Definition

Digital video watermarking is a technology to embed and retrieve information into and from digital video data.

A variety of robust and fragile video watermarking methods have been proposed to solve the illegal copying and proof of ownership problems as well as to identify manipulations. Although a number of broad claims have been made in the field of robustness of various digital watermarking methods, it is still difficult to handle combined or non-linear geometric transformations. The methods can be divided into techniques working on compressed or uncompressed data. In particular video watermarking is based in general on the following concepts to hide a watermark by modifying some of its characteristics:

  1. 1.

    Spatial domain approach, also called native domain: embedding and detection are performed on spatial pixels values (luminance, chrominance, color space) or on the overall video frame characteristic,

  2. 2.

    Feature or salient point watermarking by modifying geometric properties of the video frames,

  3. 3.

    Frequency domain techniques where the spatial values are transformed, like DCT Discrete Cosine, FFT Fast Fourier Transform, Wavelets or fractals,

  4. 4.

    Quantization index modulation (QIM) watermarking,

  5. 5.

    Format-specific approaches like watermarking of structure elements like Facial Animation Parameter of MPEG-4 or motion vectors.
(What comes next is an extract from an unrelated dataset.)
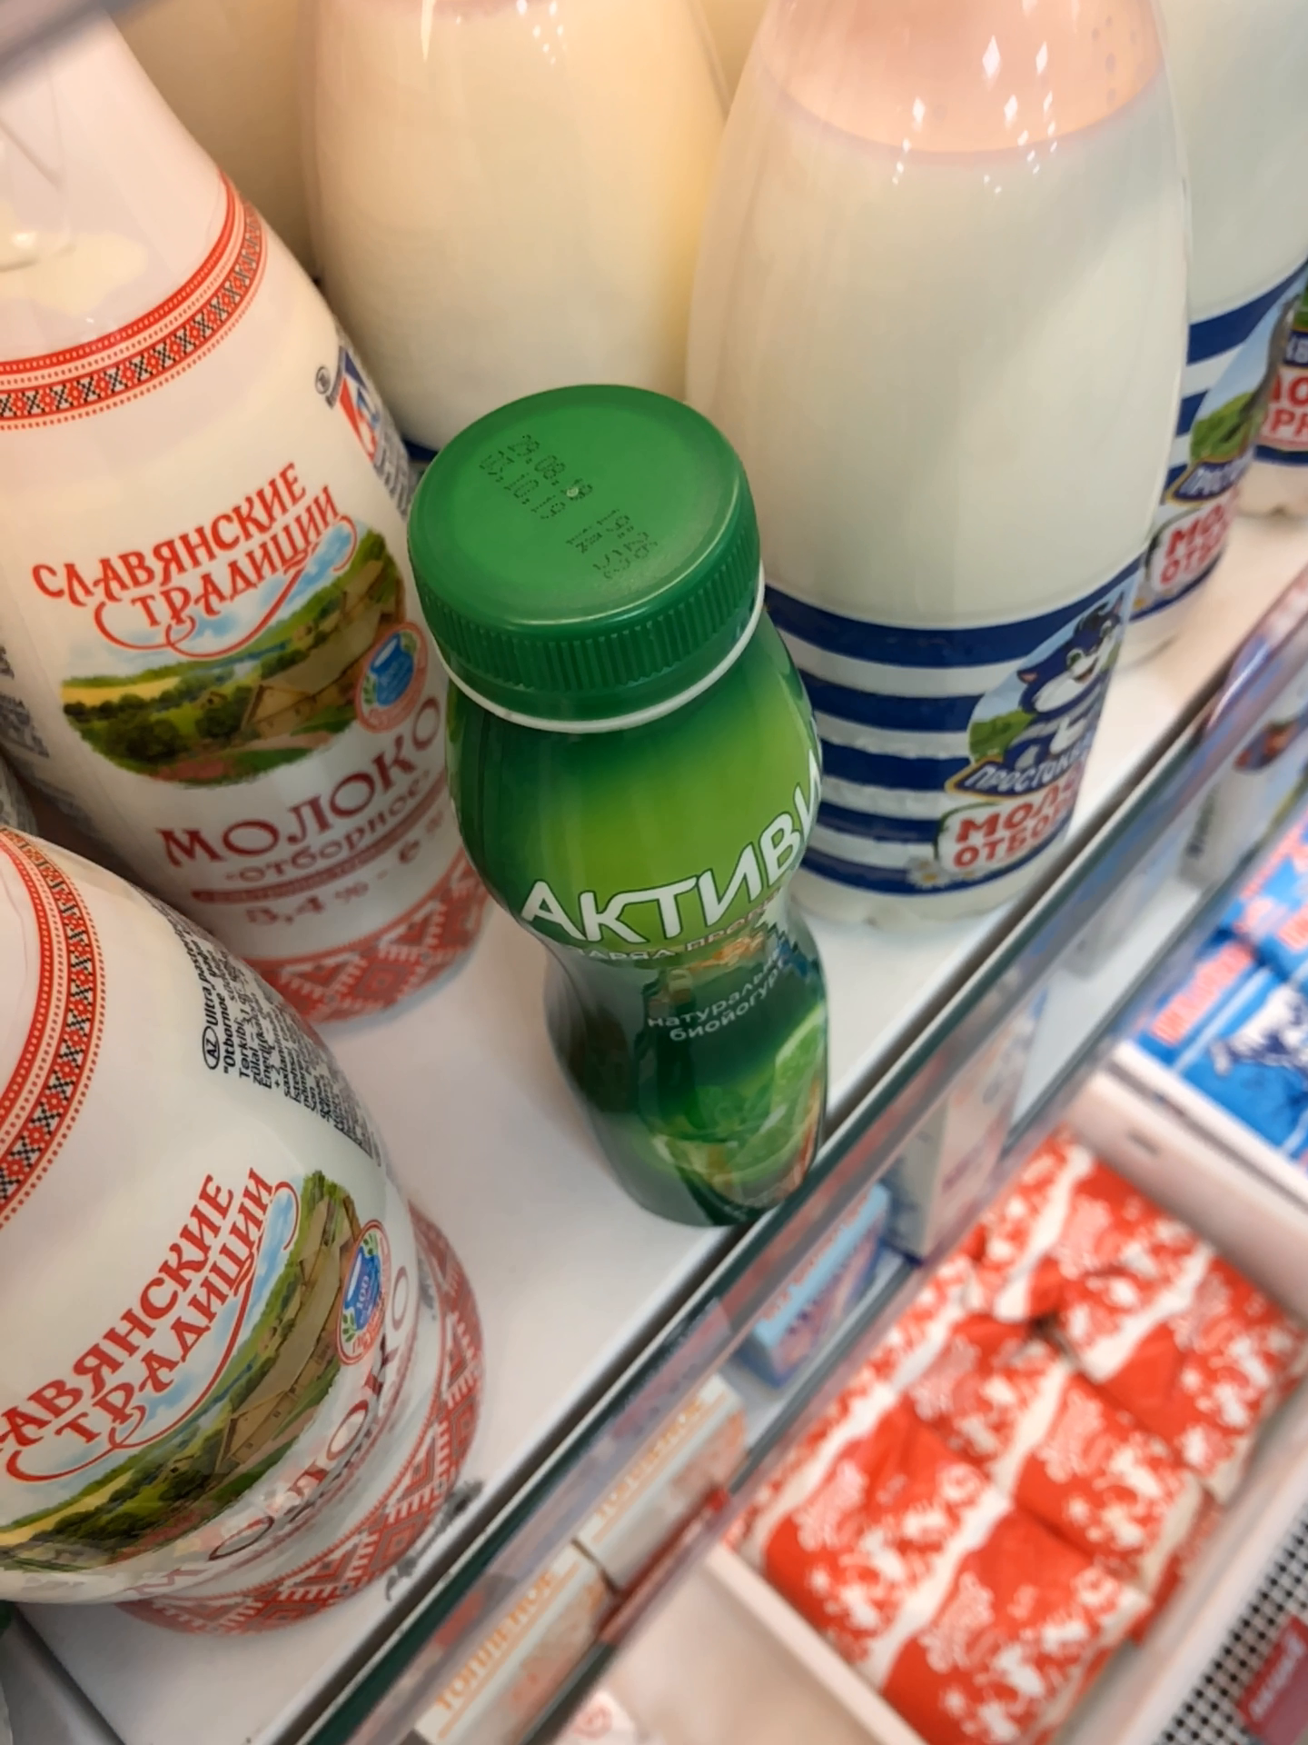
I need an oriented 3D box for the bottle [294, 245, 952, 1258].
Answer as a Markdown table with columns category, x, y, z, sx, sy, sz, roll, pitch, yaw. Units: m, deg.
| category | x | y | z | sx | sy | sz | roll | pitch | yaw |
| --- | --- | --- | --- | --- | --- | --- | --- | --- | --- |
| bottle | 0.004 | 0.000 | 0.238 | 0.053 | 0.179 | 0.052 | -3 | 59 | 5 |

The robust watermarking approaches usually spread the watermarking information redundant over the overall signal representation in a non-invertible manner to enforce identification or verification of ownership or to annotate the video. For example the message is spread and encoded in the 2D FFT frequencies of each video frame. In most cases prior to transforming each frame to the frequency domain, the frame data is transformed from e.g., RGB space to Weber-Fechner YCbCr space. Generically, YCbCr space consists of a luminance component Y and two color difference components Cb and Cr. The Y component contains the luminance and black & white image information, while Cb represents the difference between R and Y and Cr represents the difference between Y and B. In YCbCr space most of the frame information is in the Y component. This representation is used also during MPEG compression. The MPEG algorithm grossly removes large portions of the Cb and Cr components without damaging the frame quality. The MPEG algorithm uses compression to reduce the Y component since it has more effect on the quality of the compressed frames, which is also used in most watermarking schemes. To avoid estimation attacks the watermark signal should be adoptive designed to the overall video frame sequence characteristics by facing the problem that equal or similar watermarking pattern for each frame could allow an estimation attack based on the slide visual differences between adjacent frames, different watermarking pattern could allow an estimation attack based on the similarities between similar visual frames, see for example in [1].
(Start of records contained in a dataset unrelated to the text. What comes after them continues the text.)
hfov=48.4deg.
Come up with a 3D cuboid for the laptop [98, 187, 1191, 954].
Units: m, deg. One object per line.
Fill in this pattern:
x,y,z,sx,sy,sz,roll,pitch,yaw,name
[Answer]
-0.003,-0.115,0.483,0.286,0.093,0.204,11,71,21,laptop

Data rates are measured in bits per frame. If the watermark is embedded into the compressed domain for example MPEG video, we count the embedded data rates in bits per I, B and P frame or per GOP.

For fragile video watermarking, relevant for authenticate the data in its authenticity and integrity, a fragile watermark signal can be spread over the overall video into manipulation sensitive video elements like LSB to detect changed and manipulated regions. The watermark for authentication purposes is often designed in an invertible (reversible) manner to allow reproduction of the original, see for example an analysis of the approaches in [2]. Today we find several fragile watermarking techniques to recognize video manipulations. In the moment most fragile watermarks are very sensitive to changes and can detect most possible changes in pixel values. Only few approaches address the so-called content-fragile watermarking relevant in applications with several allowed post production editing processes. For example [3] addresses the recognition of video frame sequence changes with the possibility of reproduction of the original frame sequence called self-watermarking of frame-pairs.
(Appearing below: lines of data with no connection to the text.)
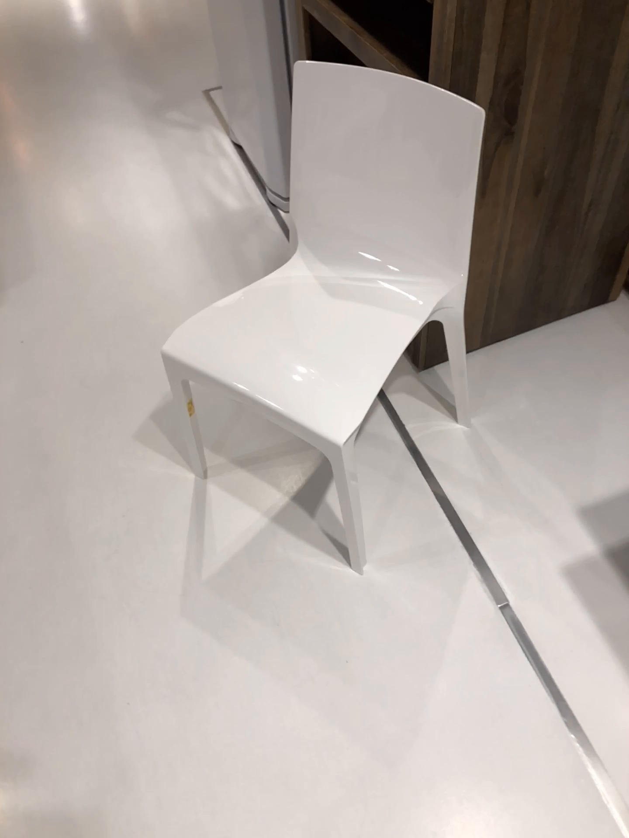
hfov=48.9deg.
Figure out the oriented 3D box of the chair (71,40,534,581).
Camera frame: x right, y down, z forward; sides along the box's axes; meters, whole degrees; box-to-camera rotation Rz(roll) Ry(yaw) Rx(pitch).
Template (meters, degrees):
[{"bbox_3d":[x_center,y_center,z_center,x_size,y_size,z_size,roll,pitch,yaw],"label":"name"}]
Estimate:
[{"bbox_3d":[0.018,-0.178,1.327,0.481,0.755,0.522,26,59,23],"label":"chair"}]

A further idea is for example from [4] suggesting to embed a visual content feature M into the video frame with a robust watermarking method. The content-fragile watermarking approach for video authentication tries to extract the frame characteristics of human perception, called content. The approach is for example to determine the edge characteristics of the single video frame. This characteristic is transformed into a feature code for the content-fragile digital watermark. The edge characteristics of a frame give a very good reflection of the frame content, because they allow the identification of object structures and homogeneity of the video. Dittmann [4] use the canny edge detector described as the most efficient edge separator. The author described several strategies for generating and verification of the edge based feature codes. From the general perspective the content feature M can be embedded directly or used as a seed to generate the watermarking pattern itself.

Benchmarking of Video Watermarks

The available benchmarking suites mainly cover image and audio watermarks and neglect video specific aspects. In [1], we find an evaluation of video watermarking sensitivity to collusion attacks and potential solutions. Video specific aspects of video watermarks for cinema applications are summarized in [5]. Various features were analyzed, including robustness to non intentional attacks such as MPEG compression, transcoding, analog to digital and digital-to-analog conversions, standard conversions (PAL – NTSC), and change of geometry.